• [WORK REQUIRED]:
Copy all records exactly, excluding images.

Segment Open

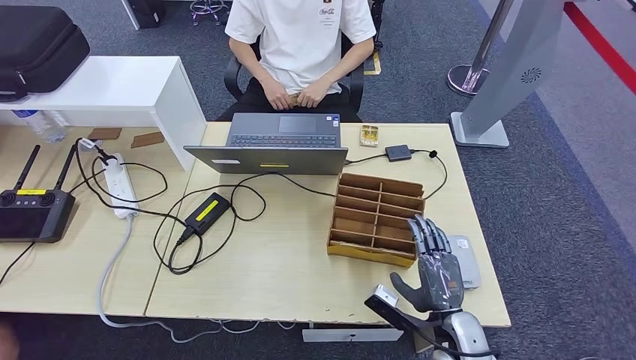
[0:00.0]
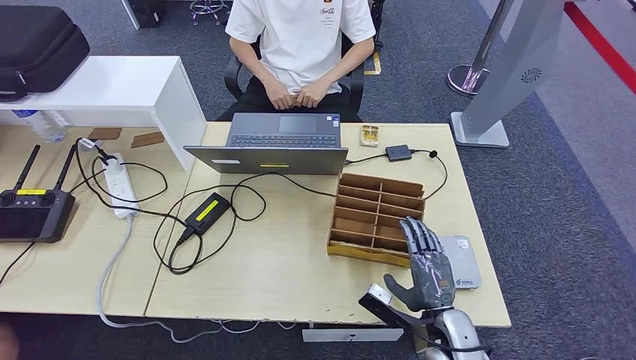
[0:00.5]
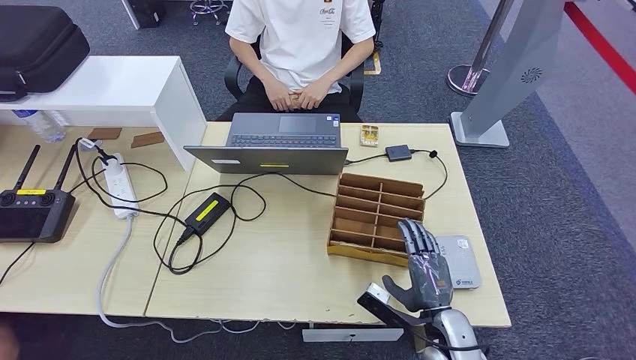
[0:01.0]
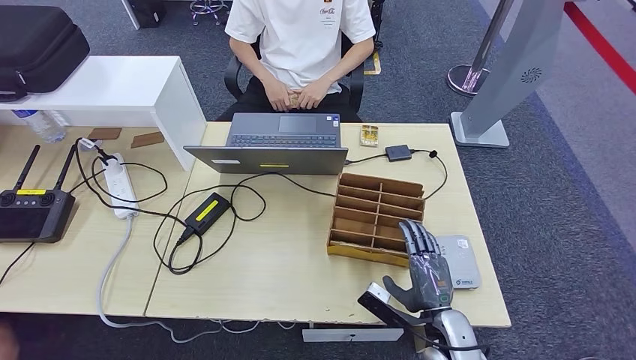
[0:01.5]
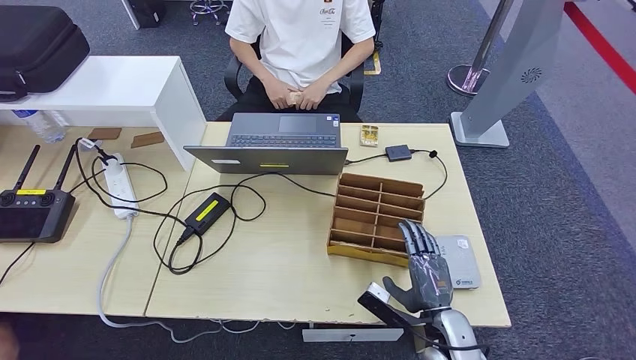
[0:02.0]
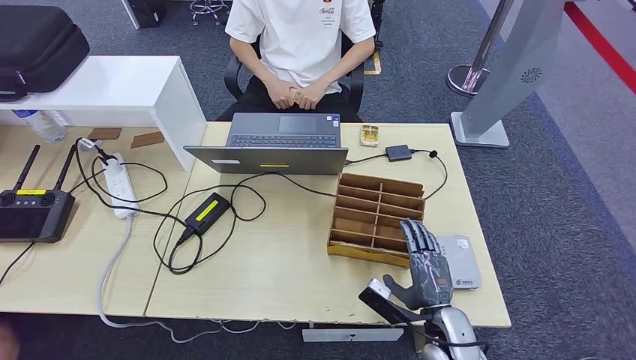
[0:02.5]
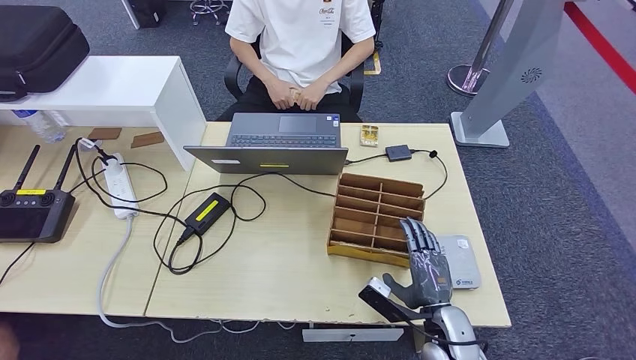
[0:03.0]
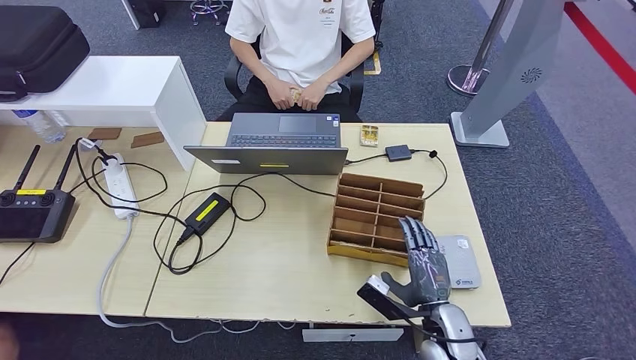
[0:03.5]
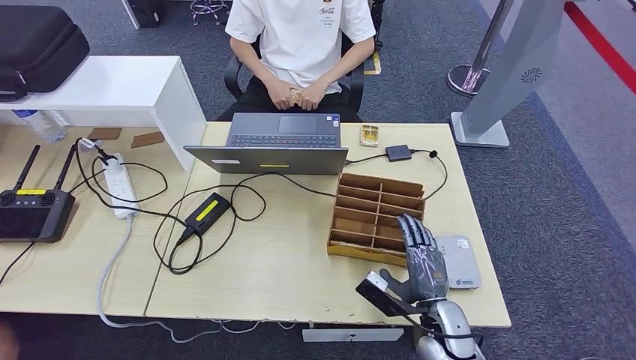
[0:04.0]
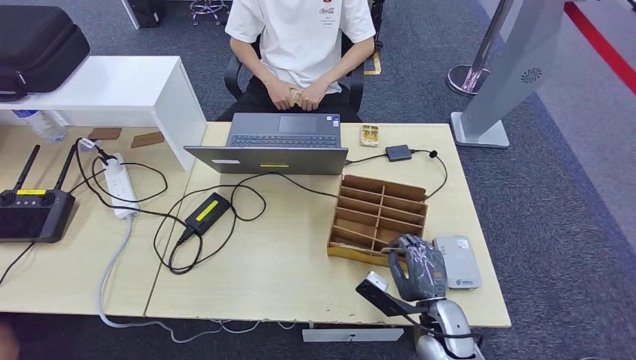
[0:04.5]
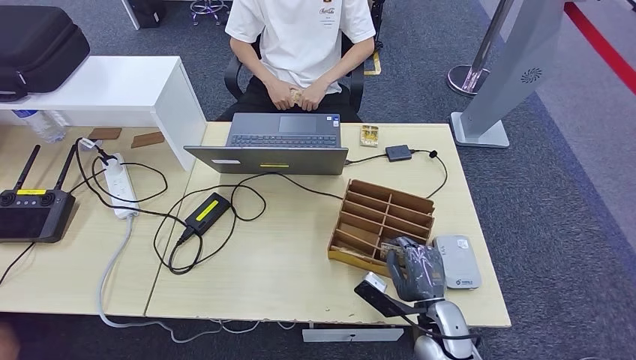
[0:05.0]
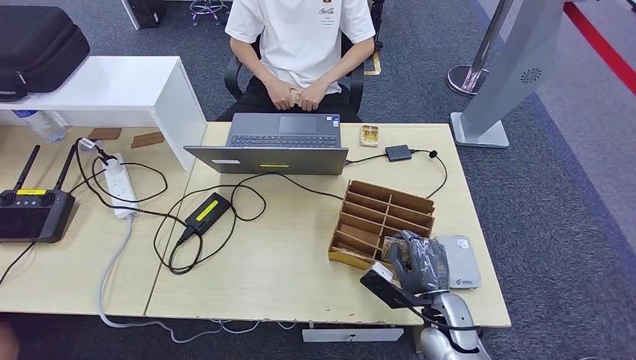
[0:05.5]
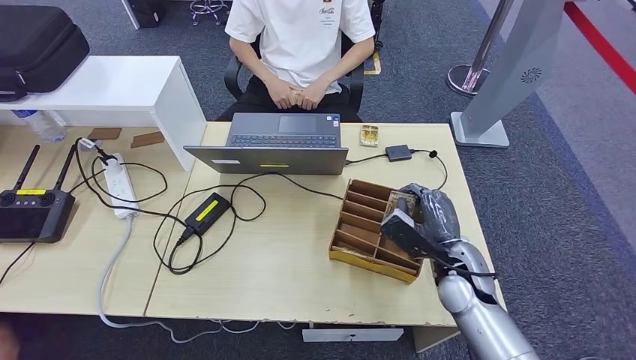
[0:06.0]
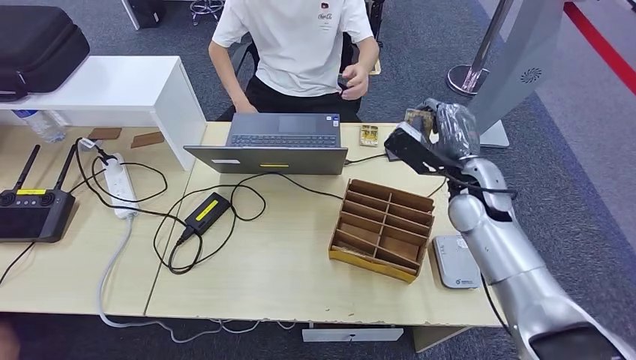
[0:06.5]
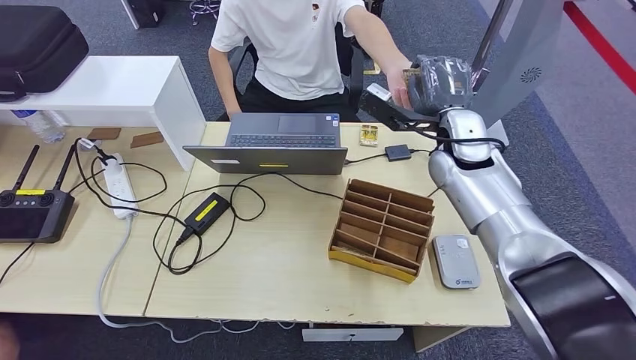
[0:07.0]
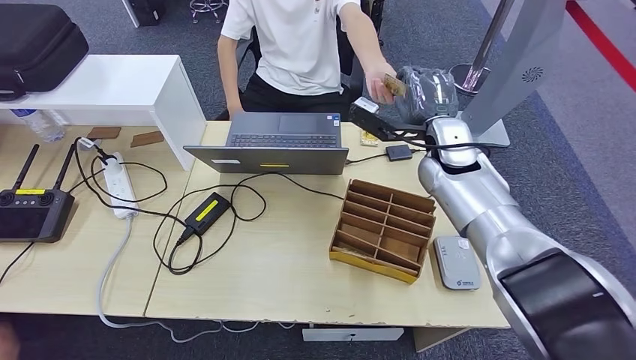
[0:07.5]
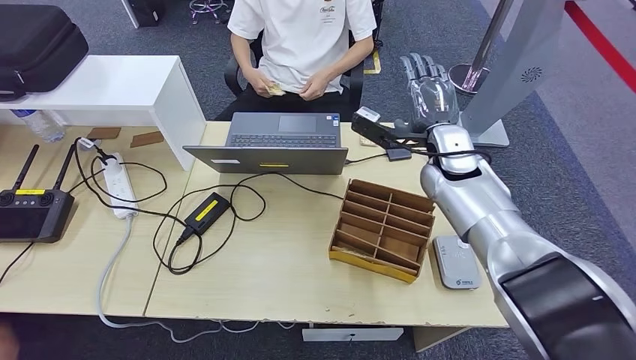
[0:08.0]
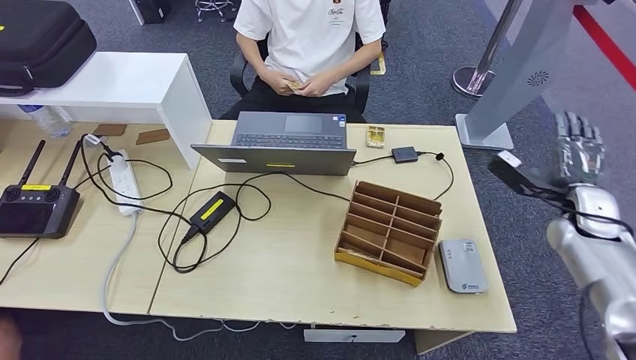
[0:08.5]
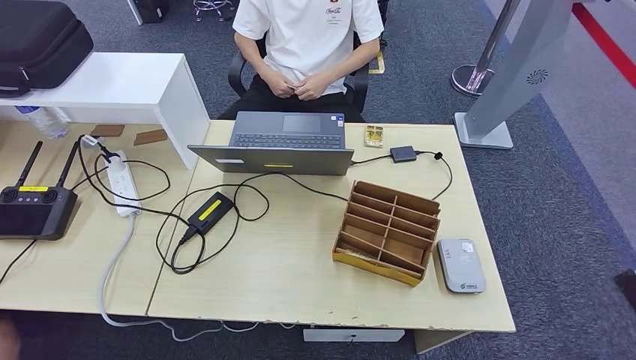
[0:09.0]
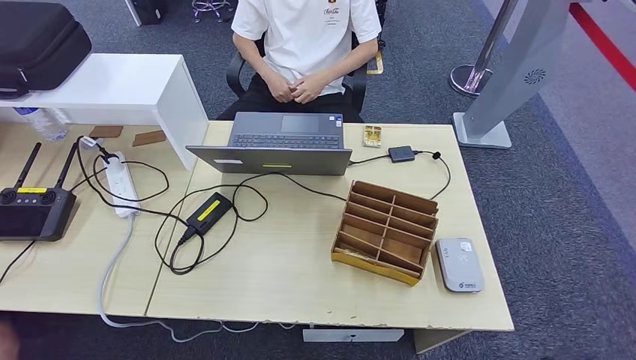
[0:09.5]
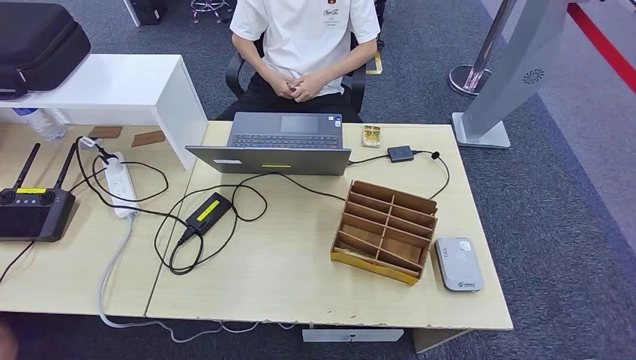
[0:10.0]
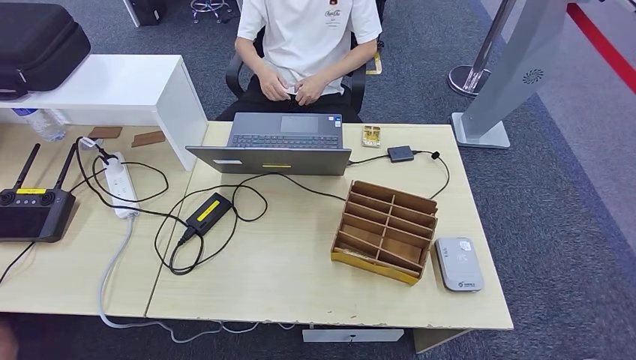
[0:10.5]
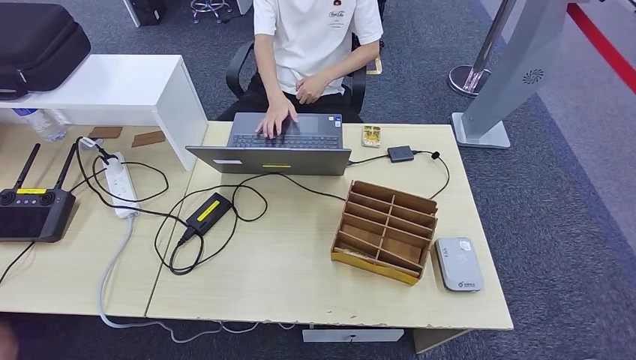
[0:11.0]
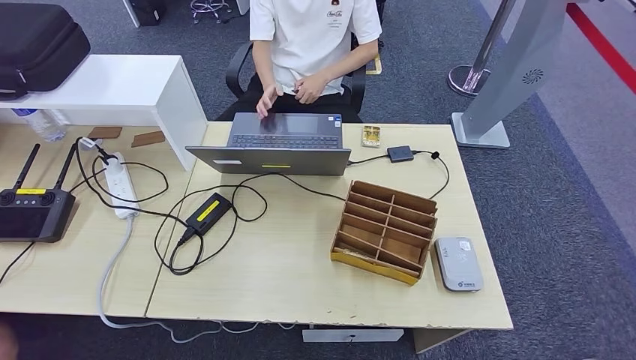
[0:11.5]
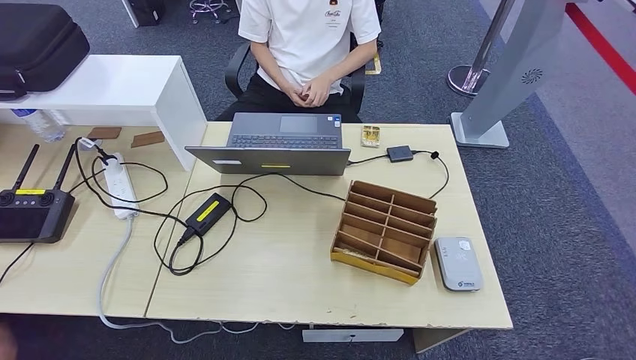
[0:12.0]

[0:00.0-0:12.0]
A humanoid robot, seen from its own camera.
Step, 0:00.0 to 0:05.5: Pick up the room key from the key card box.
0:00.0 to 0:04.0: The hands make only small movements.
0:04.0 to 0:06.0: The right hand heads forward and upward, covering approximately 10 cm.
0:06.0 to 0:08.0: The right hand shifts roughly 20 cm forward and upward.
0:08.0 to 0:10.0: The right hand shifts some 60 cm backward and downward.

Segment Closed

• [RESPONSE TO THIS EXERCISE]:
[0:00.0]
[0:00.5]
[0:01.0]
[0:01.5]
[0:02.0]
[0:02.5]
[0:03.0]
[0:03.5]
[0:04.0]
[0:04.5]
[0:05.0]
[0:05.5]
[0:06.0]
[0:06.5]
[0:07.0]
[0:07.5]
[0:08.0]
[0:08.5]
[0:09.0]
[0:09.5]
[0:10.0]
[0:10.5]
[0:11.0]
[0:11.5]
[0:12.0]

[0:00.0-0:12.0]
A humanoid robot, seen from its own camera.
Step, 0:00.0 to 0:05.5: Pick up the room key from the key card box.
0:00.0 to 0:04.0: The hands make only small movements.
0:04.0 to 0:06.0: The right hand heads forward and upward, covering approximately 10 cm.
0:06.0 to 0:08.0: The right hand shifts roughly 20 cm forward and upward.
0:08.0 to 0:10.0: The right hand shifts some 60 cm backward and downward.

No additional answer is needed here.